Медленно выдохнув, Шу успокоила взбесившиеся стихийные потоки, выдохнула еще раз и напомнила себе: она пришла сюда не ради убийства, а ради тишины, покоя и света, ради запаха моря и сосен, ради ощущения близости Дайма…
Он был здесь. Он напитал это место своей силой, своей любовью — и потому здесь выросли ромашки. Белые, желтые, розовые и голубые, лиловые и оранжевые, сотни ромашек, из которых ни одна не похожа на другую ничем, кроме запаха.
Моря. Сосен. Мокрого песка.

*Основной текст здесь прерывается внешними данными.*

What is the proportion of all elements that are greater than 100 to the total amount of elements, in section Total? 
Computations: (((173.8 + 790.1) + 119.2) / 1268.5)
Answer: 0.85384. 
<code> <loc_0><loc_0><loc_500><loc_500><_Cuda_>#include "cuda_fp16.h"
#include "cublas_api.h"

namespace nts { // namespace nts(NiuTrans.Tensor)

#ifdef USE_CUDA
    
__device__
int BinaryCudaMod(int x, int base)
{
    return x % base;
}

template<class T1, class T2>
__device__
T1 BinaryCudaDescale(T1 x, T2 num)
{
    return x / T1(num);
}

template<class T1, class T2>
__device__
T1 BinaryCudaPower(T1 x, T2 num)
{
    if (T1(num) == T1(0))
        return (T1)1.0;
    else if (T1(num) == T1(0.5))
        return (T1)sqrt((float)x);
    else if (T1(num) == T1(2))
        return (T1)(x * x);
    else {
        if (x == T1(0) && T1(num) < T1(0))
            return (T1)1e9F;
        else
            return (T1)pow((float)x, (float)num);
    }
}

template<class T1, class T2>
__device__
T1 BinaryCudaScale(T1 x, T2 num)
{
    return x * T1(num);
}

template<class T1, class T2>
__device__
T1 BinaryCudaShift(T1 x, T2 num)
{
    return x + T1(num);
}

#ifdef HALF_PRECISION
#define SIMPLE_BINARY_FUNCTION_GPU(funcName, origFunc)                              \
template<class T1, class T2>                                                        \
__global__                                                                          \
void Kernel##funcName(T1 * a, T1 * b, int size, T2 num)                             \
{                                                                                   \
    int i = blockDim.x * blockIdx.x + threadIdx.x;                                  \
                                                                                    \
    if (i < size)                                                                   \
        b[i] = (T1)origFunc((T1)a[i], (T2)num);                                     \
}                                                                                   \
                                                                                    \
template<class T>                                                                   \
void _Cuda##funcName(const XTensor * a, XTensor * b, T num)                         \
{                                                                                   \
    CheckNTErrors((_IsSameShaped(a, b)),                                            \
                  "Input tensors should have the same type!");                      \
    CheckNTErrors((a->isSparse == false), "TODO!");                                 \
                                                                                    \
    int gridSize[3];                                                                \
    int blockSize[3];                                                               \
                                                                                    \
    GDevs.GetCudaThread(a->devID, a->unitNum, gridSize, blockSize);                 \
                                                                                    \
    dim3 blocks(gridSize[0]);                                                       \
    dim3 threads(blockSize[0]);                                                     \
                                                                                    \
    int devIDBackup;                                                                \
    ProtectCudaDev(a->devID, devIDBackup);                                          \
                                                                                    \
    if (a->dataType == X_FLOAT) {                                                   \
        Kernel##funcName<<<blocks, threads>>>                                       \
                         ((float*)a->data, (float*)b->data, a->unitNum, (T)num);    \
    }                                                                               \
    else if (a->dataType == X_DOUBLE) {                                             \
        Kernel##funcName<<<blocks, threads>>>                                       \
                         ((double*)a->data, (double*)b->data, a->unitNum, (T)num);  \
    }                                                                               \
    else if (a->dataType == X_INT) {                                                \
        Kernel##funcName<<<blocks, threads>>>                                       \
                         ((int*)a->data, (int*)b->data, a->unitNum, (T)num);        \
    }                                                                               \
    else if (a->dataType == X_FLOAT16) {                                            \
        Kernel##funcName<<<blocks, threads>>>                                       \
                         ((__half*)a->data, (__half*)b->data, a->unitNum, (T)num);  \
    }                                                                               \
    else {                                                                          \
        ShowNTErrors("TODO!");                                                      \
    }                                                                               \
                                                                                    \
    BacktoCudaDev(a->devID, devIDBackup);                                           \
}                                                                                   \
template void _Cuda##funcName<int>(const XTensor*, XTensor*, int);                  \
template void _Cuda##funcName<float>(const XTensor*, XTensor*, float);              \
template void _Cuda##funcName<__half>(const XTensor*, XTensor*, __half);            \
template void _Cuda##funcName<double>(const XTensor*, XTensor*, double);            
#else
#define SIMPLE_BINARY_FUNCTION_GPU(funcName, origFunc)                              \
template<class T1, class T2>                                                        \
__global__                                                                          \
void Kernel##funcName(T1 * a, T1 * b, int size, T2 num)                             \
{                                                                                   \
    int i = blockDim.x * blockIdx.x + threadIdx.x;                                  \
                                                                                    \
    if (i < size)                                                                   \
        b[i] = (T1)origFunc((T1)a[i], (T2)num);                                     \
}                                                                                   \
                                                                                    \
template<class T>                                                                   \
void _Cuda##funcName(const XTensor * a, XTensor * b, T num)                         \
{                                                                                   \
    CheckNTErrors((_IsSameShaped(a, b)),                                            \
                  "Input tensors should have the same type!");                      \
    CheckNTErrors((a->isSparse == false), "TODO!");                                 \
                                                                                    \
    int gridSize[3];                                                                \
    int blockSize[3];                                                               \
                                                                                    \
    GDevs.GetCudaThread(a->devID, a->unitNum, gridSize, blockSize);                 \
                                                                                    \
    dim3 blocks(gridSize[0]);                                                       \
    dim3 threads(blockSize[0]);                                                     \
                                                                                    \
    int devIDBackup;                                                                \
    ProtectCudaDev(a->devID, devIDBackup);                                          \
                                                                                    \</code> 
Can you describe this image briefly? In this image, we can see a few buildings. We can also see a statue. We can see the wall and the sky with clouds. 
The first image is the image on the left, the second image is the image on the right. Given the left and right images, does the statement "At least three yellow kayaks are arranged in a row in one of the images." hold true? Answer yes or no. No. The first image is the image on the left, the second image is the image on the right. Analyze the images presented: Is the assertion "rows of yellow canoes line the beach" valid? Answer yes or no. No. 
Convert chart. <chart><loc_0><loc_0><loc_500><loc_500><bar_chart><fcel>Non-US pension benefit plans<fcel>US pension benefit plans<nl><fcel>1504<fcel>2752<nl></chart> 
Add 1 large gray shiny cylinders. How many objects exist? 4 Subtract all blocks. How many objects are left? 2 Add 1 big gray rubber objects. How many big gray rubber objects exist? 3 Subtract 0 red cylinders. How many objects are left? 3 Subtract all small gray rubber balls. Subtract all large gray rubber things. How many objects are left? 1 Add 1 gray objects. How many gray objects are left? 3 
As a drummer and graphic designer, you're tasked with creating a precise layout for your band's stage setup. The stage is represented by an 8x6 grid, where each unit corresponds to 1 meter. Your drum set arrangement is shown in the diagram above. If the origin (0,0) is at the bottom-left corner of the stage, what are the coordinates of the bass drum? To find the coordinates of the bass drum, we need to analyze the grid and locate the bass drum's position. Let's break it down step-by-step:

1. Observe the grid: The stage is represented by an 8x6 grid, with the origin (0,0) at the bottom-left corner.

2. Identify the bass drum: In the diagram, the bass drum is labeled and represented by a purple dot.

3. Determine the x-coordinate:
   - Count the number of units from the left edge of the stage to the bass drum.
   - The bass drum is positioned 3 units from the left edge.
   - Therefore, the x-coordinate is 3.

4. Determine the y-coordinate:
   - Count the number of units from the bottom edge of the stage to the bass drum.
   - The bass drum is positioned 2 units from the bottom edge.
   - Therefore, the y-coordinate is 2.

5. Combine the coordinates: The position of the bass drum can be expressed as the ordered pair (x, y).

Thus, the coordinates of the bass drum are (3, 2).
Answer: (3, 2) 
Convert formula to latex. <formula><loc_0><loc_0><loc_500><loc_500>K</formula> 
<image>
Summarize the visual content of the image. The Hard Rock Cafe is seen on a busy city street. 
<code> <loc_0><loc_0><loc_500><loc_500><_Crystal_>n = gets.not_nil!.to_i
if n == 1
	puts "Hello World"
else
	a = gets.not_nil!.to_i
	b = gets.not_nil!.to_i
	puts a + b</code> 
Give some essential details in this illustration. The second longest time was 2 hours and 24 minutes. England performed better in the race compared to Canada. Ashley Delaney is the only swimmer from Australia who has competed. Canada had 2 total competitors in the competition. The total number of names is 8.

Капельки оружейной смазки.
Запаха Дайма.
Здесь Шуалейда могла хоть на несколько мгновений поверить, что Дайм вернется к ней, что ее безумная сделка с Люкресом не пропала даром.
Здесь было хорошо. До того как сюда заявился Бастерхази.
Тот самый мерзавец, который проклял Кая. Да так хитро, что даже Энрике не сумел обнаружить проклятия. Даже сама Шуалейда!
Она сутками напролет штудировала древние фолианты, посвященные разным видам проклятий. Изучила тысячу их разновидностей, откопала самые странные и дикие, проверила Кая сотней разных способов. И ничего не нашла. Ни единого следа. Ни крохотной зацепки. Любой бы на ее месте отступился, плюнул и списал изменения в характере Кая на стресс, пубертатный период и прочая, прочая.